What is being asked: Nothing but the lines below between the line holding "366, 1152, 391]" and the line holding "text Locatie: Laan", inclusive, should appear in the answer, each set down exactly.
---- Records
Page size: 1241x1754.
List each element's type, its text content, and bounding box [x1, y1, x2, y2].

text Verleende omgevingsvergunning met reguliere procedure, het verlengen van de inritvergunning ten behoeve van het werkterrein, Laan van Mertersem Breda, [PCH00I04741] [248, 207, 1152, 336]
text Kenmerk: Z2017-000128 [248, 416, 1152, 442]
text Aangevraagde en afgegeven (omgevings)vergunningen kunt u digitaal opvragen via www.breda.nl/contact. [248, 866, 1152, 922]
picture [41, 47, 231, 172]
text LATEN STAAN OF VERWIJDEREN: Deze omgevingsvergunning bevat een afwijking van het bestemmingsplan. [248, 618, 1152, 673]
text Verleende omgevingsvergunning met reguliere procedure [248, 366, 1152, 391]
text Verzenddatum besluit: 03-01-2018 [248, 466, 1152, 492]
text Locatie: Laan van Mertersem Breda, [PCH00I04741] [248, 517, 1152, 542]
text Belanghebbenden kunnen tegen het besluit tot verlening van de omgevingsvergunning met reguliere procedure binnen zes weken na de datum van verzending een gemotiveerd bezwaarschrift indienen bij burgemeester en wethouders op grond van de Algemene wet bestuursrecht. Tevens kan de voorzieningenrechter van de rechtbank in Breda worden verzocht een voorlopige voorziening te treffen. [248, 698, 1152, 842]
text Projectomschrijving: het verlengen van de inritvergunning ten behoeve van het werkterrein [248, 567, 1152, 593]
--------
Written solution:
text Verleende omgevingsvergunning met reguliere procedure [248, 366, 1152, 391]
text Verzenddatum besluit: 03-01-2018 [248, 466, 1152, 492]
text Locatie: Laan van Mertersem Breda, [PCH00I04741] [248, 517, 1152, 542]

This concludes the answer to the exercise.